Source information.
════
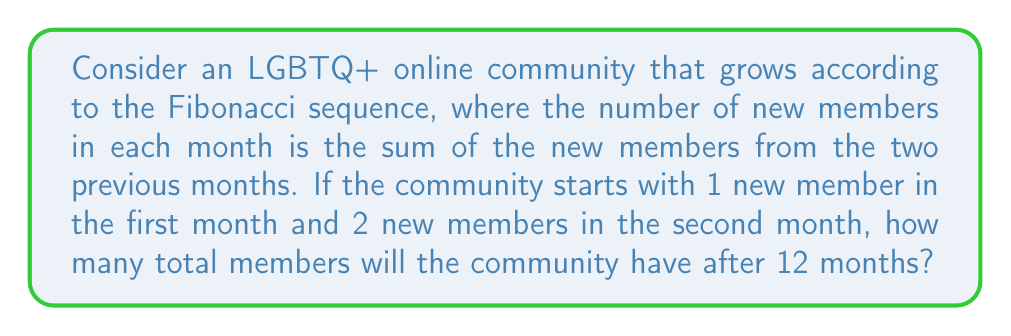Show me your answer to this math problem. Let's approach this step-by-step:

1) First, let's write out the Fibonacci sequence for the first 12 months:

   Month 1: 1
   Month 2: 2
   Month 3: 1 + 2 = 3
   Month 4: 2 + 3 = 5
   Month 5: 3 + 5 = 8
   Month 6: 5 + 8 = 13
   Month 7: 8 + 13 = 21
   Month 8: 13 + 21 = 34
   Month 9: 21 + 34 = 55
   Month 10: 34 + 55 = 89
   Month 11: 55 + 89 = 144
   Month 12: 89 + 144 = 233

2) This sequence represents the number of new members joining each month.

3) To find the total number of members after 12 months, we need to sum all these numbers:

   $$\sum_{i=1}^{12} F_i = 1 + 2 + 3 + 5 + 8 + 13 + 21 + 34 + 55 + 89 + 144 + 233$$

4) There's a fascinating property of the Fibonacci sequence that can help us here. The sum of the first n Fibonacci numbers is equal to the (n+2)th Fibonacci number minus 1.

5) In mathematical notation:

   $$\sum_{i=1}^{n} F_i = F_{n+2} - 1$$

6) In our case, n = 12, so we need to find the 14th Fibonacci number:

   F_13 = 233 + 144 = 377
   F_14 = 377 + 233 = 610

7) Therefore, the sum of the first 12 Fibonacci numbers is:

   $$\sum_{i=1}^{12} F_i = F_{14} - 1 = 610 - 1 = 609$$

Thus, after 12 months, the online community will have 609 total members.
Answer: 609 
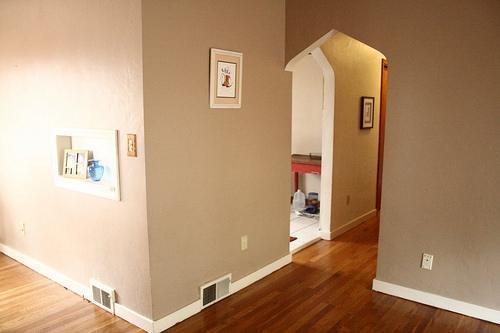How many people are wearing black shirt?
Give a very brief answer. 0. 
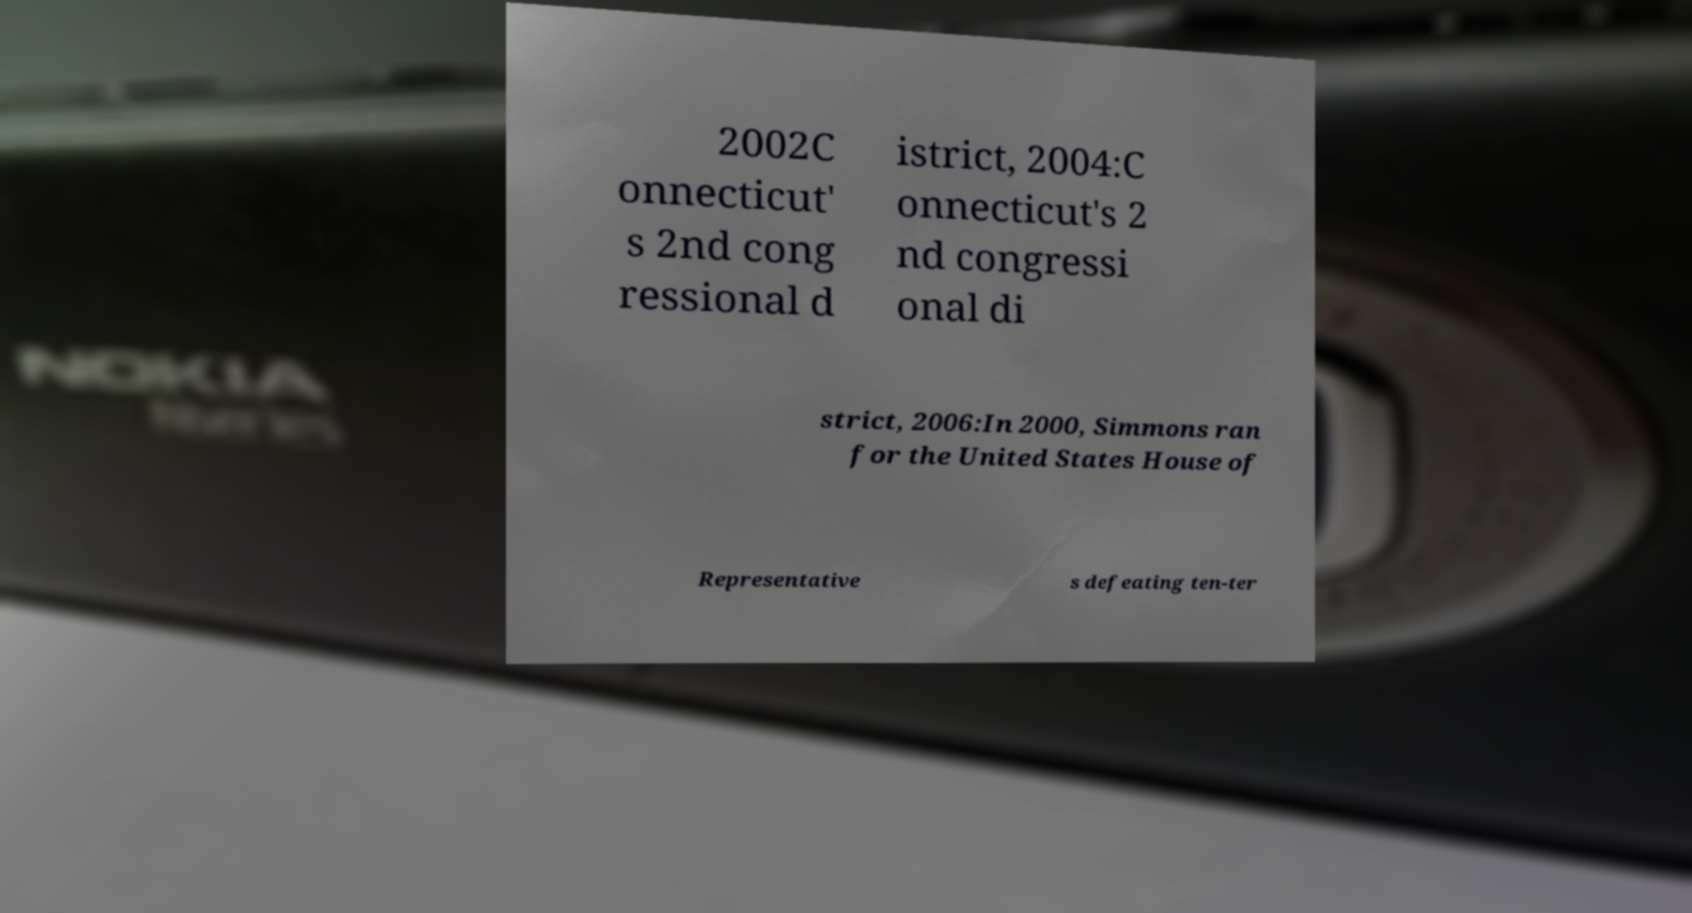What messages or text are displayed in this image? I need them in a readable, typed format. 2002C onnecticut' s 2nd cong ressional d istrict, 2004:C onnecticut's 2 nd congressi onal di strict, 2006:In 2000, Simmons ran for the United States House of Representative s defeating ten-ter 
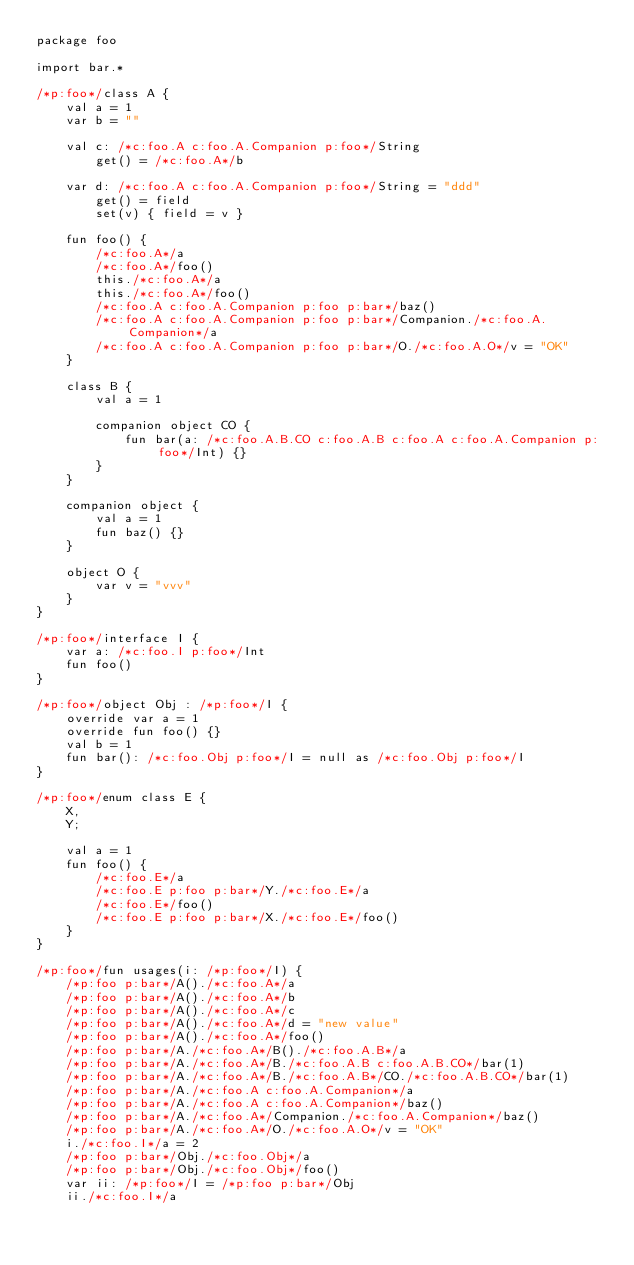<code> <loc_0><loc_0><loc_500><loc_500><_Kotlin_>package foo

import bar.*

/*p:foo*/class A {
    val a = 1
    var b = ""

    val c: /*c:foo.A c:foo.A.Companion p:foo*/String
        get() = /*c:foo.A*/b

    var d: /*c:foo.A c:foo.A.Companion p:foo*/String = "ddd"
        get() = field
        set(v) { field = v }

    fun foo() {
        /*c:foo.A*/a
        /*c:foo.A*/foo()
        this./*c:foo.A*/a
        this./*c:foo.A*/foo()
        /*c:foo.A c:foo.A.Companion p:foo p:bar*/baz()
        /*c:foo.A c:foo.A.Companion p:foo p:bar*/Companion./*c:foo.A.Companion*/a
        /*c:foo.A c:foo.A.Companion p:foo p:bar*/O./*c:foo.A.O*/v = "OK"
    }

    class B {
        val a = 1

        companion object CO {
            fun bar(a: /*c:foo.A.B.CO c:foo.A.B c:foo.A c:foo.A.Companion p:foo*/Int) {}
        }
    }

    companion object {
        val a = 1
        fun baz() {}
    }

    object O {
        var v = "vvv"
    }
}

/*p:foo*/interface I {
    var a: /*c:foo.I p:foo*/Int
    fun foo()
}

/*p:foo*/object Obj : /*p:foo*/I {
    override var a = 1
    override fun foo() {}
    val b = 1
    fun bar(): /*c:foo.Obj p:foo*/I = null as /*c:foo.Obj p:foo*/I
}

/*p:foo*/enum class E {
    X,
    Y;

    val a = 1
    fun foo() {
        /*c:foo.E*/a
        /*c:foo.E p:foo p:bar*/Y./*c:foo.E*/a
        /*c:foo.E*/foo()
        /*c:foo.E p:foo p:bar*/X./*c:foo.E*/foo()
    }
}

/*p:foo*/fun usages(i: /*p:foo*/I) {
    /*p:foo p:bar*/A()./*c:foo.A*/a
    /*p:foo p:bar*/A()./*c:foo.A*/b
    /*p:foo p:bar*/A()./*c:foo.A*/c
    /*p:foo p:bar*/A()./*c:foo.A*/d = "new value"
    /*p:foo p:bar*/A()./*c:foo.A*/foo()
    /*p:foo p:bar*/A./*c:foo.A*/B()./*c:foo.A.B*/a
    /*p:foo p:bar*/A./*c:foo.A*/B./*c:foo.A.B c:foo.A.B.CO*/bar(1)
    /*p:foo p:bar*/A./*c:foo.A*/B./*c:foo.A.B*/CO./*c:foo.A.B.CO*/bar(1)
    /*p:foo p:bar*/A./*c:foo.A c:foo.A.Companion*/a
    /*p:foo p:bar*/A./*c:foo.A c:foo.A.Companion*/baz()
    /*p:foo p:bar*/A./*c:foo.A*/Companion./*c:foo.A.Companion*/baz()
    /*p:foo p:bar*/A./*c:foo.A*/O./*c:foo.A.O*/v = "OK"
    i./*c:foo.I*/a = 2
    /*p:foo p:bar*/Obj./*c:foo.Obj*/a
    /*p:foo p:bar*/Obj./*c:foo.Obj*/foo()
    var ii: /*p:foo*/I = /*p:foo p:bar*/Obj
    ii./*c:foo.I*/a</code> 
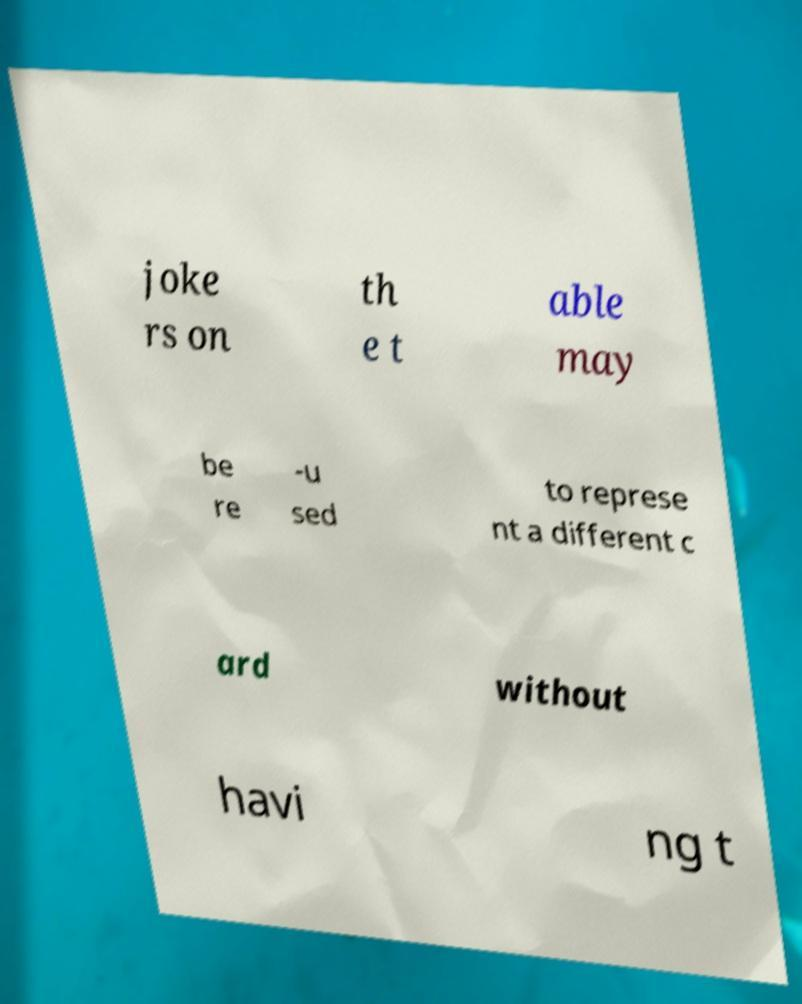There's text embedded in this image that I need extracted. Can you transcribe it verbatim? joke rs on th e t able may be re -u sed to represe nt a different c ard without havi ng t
════
Identify the lines above with the word "String". Copy them.

Exercise solution.
    val c: /*c:foo.A c:foo.A.Companion p:foo*/String
    var d: /*c:foo.A c:foo.A.Companion p:foo*/String = "ddd"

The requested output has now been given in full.